Repeat verbatim, and only, the lines of the data below, beginning at the line that contains "#4 object [377,138,384,157]" and stopping after the line that contains "#46 object [0,299,3,317]".

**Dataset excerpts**

────────────────────────────────────────

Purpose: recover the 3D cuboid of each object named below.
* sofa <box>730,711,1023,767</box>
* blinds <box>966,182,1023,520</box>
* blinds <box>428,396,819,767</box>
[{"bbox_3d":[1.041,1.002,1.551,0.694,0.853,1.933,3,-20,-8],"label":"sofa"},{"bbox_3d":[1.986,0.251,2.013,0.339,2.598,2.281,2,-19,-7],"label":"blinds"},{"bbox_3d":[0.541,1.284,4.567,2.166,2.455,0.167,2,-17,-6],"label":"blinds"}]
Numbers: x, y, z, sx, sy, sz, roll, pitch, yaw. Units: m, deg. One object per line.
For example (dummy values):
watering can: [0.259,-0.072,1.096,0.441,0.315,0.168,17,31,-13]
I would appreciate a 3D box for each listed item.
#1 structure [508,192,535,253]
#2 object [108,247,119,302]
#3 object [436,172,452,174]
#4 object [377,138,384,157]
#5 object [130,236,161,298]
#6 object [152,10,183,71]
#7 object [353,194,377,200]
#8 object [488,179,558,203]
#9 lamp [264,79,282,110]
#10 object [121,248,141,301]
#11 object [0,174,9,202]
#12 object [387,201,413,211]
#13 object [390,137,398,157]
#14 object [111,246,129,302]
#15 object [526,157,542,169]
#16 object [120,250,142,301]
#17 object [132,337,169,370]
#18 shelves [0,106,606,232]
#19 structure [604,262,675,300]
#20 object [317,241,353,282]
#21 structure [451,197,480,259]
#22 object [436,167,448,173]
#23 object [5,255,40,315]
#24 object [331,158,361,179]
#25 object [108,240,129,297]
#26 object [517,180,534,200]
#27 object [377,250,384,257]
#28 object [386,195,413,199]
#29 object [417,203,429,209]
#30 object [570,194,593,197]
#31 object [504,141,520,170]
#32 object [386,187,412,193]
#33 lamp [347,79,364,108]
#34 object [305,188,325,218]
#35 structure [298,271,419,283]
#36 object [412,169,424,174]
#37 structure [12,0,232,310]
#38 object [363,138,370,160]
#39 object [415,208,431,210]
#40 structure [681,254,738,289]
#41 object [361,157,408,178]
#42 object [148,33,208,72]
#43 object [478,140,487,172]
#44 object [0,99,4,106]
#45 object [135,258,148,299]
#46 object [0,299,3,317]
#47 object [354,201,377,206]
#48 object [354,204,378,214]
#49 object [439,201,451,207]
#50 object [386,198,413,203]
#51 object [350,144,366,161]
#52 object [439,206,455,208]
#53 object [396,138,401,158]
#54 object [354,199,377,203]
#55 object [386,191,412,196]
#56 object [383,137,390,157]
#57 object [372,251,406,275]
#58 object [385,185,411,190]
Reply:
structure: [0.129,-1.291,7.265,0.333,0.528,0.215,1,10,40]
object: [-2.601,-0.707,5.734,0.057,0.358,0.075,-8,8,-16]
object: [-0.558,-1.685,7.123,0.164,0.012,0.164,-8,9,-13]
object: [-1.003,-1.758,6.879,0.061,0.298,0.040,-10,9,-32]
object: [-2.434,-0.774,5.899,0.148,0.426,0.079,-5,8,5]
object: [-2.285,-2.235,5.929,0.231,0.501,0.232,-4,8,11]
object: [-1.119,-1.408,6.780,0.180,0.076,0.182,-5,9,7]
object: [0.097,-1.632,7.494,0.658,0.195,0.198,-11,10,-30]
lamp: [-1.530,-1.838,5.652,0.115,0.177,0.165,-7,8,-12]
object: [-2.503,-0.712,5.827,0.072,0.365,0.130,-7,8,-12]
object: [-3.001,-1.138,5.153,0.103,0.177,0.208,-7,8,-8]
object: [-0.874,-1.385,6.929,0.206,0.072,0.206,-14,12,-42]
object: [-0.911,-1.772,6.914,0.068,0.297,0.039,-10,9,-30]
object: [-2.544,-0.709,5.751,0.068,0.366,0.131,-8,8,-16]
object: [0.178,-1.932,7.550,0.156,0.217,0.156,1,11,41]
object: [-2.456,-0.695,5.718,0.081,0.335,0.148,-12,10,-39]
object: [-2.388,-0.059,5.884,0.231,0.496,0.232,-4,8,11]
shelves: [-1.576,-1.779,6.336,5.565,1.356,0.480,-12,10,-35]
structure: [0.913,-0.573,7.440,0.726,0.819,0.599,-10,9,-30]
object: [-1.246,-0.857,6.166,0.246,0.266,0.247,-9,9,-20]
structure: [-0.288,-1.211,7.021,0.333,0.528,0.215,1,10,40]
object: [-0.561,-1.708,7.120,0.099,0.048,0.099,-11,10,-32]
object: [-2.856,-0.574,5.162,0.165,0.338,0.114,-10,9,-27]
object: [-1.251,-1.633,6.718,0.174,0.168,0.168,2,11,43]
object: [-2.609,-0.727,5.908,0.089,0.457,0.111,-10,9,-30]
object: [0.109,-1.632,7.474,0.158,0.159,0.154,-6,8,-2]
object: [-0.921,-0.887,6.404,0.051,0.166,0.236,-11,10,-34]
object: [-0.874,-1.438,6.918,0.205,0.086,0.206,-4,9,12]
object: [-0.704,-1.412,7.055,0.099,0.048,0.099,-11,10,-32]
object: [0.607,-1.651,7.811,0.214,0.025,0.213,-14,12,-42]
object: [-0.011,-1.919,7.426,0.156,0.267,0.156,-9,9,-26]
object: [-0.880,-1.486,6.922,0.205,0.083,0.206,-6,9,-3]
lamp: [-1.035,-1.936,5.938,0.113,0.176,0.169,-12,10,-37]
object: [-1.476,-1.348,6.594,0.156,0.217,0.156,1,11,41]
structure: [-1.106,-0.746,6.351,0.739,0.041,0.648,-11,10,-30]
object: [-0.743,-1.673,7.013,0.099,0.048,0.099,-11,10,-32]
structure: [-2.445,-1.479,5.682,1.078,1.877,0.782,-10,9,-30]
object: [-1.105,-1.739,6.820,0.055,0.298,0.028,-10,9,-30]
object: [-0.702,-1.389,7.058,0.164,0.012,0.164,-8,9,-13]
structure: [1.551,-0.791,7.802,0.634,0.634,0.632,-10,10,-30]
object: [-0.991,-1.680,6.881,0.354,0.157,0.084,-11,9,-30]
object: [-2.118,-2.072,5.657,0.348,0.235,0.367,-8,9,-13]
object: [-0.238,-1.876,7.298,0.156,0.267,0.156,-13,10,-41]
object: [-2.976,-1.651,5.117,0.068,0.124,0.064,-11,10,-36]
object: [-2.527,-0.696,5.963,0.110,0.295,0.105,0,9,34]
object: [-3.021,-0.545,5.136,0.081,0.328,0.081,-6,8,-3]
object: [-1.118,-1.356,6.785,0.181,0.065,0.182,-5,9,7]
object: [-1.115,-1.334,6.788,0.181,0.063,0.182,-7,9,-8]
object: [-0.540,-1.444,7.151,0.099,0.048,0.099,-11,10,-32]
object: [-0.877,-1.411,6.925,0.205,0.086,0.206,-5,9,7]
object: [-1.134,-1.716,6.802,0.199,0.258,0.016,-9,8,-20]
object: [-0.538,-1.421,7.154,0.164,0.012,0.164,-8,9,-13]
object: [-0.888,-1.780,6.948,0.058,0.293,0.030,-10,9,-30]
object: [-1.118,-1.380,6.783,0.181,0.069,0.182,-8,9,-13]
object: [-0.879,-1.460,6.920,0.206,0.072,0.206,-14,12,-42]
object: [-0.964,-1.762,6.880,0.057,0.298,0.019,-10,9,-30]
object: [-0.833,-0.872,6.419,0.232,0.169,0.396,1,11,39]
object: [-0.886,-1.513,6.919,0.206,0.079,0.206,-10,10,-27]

────────────────────────────────────────

**SOLVED EXERCISE**
#4 object [377,138,384,157]
#5 object [130,236,161,298]
#6 object [152,10,183,71]
#7 object [353,194,377,200]
#8 object [488,179,558,203]
#9 lamp [264,79,282,110]
#10 object [121,248,141,301]
#11 object [0,174,9,202]
#12 object [387,201,413,211]
#13 object [390,137,398,157]
#14 object [111,246,129,302]
#15 object [526,157,542,169]
#16 object [120,250,142,301]
#17 object [132,337,169,370]
#18 shelves [0,106,606,232]
#19 structure [604,262,675,300]
#20 object [317,241,353,282]
#21 structure [451,197,480,259]
#22 object [436,167,448,173]
#23 object [5,255,40,315]
#24 object [331,158,361,179]
#25 object [108,240,129,297]
#26 object [517,180,534,200]
#27 object [377,250,384,257]
#28 object [386,195,413,199]
#29 object [417,203,429,209]
#30 object [570,194,593,197]
#31 object [504,141,520,170]
#32 object [386,187,412,193]
#33 lamp [347,79,364,108]
#34 object [305,188,325,218]
#35 structure [298,271,419,283]
#36 object [412,169,424,174]
#37 structure [12,0,232,310]
#38 object [363,138,370,160]
#39 object [415,208,431,210]
#40 structure [681,254,738,289]
#41 object [361,157,408,178]
#42 object [148,33,208,72]
#43 object [478,140,487,172]
#44 object [0,99,4,106]
#45 object [135,258,148,299]
#46 object [0,299,3,317]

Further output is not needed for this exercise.